Black River, White Bay

On the 13th of April Darwin reached the Rio Negro – located just south of Bahia Blanca (where he had spent some time collecting fossils and riding with gauchos last fall). He describes the arrival below:

“In the morning we were off the mouth of the Rio Negro. Nothing was to be seen of the Schooner. In vain we endeavoured, by firing a gun & hoisting a pilot signal to procure intelligence from the shore. — We suppose the sea on the bar prevented the pilot from coming out. — Thus during the whole day we continued to cruize backwards & forwards. — It was exceedingly annoying; as every one was most anxious to hear that Wickham & his party were all well. — The coast is like, what we saw so much of, about Bahia Blanca, either sandy dunes or a horizontal line of low cliffs. (April 13)

The mouth of the Rio Negro is located on a headland near the modern city of Viedma, Argentia, on the northern border of the Rio Negro Provence. Upstream of the coast, the river flows for 550 km (342 mi) from where it “forms” at the convergence of the Limay and Neuquén rivers/tributaries. It drains just over 100,000 km2 (~39,000 mi2) of land surface (its drainage basin) and has an average discharge of about 760 m3 per second (~30,000 cubit feet per second). Today the river is an important source of irrigation for Argentinean fruit orchards and vineyards, and also provides “fuel” for several hydroelectric dam projects. In Darwin’s time the town of Viedma was a small Spanish fort, that had just been established in 1779 (making it the oldest settlement in Patagonia).

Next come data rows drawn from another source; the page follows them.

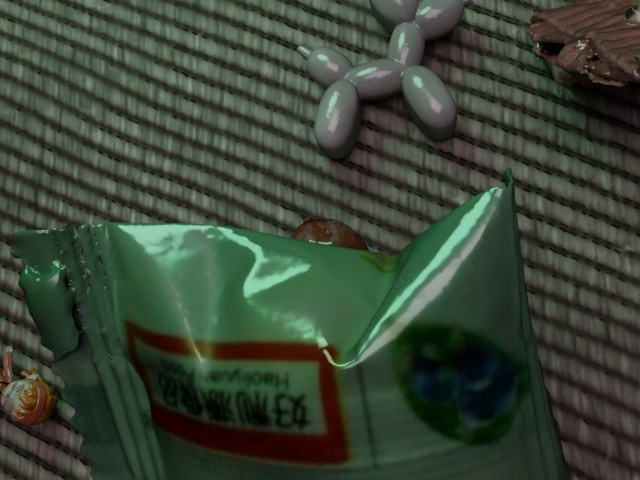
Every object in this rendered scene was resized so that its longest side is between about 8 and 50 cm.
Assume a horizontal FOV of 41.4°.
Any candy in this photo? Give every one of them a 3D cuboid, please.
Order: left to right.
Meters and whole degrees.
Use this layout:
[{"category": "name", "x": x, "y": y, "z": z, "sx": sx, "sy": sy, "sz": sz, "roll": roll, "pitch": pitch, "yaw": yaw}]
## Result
[{"category": "candy", "x": -0.026, "y": 0.096, "z": 0.641, "sx": 0.398, "sy": 0.172, "sz": 0.263, "roll": -4, "pitch": 99, "yaw": 18}]

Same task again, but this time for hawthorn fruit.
[{"category": "hawthorn fruit", "x": 0.000, "y": 0.000, "z": 0.723, "sx": 0.067, "sy": 0.067, "sz": 0.103, "roll": -27, "pitch": 61, "yaw": 3}]

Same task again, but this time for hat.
[{"category": "hat", "x": 0.309, "y": -0.198, "z": 0.641, "sx": 0.286, "sy": 0.236, "sz": 0.107, "roll": -20, "pitch": 114, "yaw": 4}]

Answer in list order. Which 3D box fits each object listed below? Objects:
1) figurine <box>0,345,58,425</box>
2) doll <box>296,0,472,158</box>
[{"category": "figurine", "x": -0.278, "y": 0.126, "z": 0.748, "sx": 0.109, "sy": 0.047, "sz": 0.064, "roll": 21, "pitch": 88, "yaw": 23}, {"category": "doll", "x": 0.061, "y": -0.161, "z": 0.750, "sx": 0.161, "sy": 0.059, "sz": 0.160, "roll": -11, "pitch": 76, "yaw": 8}]
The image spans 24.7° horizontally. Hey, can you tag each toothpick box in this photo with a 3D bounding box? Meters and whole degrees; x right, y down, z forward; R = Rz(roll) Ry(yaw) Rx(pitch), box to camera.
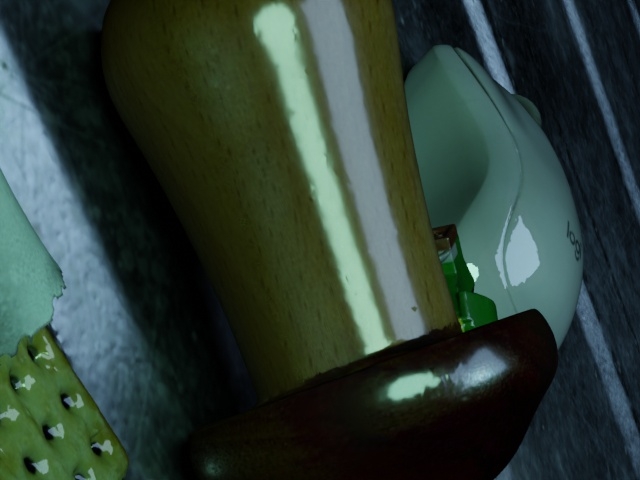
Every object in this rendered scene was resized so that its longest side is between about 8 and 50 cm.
[{"bbox_3d":[0.000,0.000,0.741,0.192,0.192,0.294,-8,78,-66],"label":"toothpick box"}]

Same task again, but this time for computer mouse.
[{"bbox_3d":[0.138,-0.026,1.134,0.184,0.121,0.297,52,34,-39],"label":"computer mouse"}]

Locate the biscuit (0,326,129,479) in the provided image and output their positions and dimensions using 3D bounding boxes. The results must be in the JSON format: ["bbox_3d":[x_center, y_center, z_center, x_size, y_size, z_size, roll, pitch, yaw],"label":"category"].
[{"bbox_3d":[-0.142,0.115,0.565,0.139,0.016,0.231,62,26,-24],"label":"biscuit"}]

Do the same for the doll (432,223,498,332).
[{"bbox_3d":[0.064,0.080,0.924,0.134,0.106,0.186,44,37,-68],"label":"doll"}]

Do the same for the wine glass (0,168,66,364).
[{"bbox_3d":[-0.177,-0.048,0.484,0.222,0.103,0.103,61,28,-29],"label":"wine glass"}]

Map of the Rio Negro and surrounding parts of Argentina (from Instituto Geográfico Militar) – Click map for a larger image:

Rio Negro Argentina

Just a quick review of all the survey vessels Darwin refers to, in order  to remind everyone what he is talking about. Aside from the Beagle, FitzRoy had purchased at leat three other boats to help with the survey work:

  1. The La Paz and La Lièvre were purchased and fixed up last fall in Bahia Blanca.  They were left with Mr. Wickham and Mr. Stokes to continue surveying the coast. They were last seen by the Beagle on its way to Tierra del Fuego last December.
  2. The Adventure (formerly the Unicorn) was recently purchased in the Falklands and set sail for the mainland a few days before the Beagle under the command of Mr Chaffers.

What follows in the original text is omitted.